- _The problem_:
In the entries that follow, find the line containing "Answer: 1280 What", then output exactly every line from the first through that one.

== Data for processing

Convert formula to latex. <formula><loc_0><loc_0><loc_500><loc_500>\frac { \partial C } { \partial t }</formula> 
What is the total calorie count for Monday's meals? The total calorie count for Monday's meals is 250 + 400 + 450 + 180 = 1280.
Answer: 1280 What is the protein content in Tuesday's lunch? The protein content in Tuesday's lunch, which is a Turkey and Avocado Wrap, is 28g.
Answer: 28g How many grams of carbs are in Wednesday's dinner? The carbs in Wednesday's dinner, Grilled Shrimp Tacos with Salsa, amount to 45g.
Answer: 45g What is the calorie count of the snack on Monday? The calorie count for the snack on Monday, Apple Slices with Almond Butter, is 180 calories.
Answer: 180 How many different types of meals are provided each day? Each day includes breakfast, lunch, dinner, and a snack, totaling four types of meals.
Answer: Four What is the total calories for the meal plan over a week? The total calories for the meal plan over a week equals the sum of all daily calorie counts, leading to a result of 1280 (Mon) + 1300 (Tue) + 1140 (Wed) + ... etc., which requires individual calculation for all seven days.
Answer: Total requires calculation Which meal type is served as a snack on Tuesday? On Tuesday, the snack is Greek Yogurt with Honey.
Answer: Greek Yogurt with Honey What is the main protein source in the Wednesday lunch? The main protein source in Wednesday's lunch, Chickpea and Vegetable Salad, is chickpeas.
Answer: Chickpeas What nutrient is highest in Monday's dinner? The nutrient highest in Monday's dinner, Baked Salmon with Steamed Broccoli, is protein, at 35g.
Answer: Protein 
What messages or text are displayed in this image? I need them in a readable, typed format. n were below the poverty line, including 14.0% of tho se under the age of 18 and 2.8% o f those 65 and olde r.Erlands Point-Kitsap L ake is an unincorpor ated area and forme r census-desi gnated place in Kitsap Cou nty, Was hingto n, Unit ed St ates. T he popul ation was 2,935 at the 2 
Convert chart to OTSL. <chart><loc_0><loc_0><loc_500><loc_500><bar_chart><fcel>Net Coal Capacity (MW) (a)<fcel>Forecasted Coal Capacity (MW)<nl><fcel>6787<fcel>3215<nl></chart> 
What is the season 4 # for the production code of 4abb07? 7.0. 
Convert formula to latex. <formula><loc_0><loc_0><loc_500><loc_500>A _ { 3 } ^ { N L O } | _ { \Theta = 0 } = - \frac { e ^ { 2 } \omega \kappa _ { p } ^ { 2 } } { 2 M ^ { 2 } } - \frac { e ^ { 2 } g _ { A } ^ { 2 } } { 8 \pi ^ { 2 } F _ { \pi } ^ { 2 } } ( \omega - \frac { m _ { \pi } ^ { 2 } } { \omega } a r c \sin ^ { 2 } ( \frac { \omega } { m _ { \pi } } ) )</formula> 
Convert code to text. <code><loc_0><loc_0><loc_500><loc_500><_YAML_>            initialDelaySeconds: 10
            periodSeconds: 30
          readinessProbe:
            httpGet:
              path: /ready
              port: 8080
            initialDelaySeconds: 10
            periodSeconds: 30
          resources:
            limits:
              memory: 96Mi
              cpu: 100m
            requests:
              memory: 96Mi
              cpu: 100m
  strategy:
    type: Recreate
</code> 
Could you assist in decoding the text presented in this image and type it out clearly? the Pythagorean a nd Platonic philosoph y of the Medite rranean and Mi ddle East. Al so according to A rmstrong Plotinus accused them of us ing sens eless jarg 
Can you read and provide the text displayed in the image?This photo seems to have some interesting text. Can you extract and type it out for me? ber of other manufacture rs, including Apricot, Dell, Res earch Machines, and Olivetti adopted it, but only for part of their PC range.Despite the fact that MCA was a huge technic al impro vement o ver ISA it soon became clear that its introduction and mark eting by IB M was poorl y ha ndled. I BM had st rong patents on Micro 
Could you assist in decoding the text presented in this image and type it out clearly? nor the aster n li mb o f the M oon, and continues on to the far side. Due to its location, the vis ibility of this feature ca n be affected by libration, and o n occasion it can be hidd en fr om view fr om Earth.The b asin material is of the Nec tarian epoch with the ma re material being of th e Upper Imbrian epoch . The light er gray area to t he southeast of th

====

- _Exercise answer_:
Convert formula to latex. <formula><loc_0><loc_0><loc_500><loc_500>\frac { \partial C } { \partial t }</formula> 
What is the total calorie count for Monday's meals? The total calorie count for Monday's meals is 250 + 400 + 450 + 180 = 1280.
Answer: 1280 What is the protein content in Tuesday's lunch? The protein content in Tuesday's lunch, which is a Turkey and Avocado Wrap, is 28g.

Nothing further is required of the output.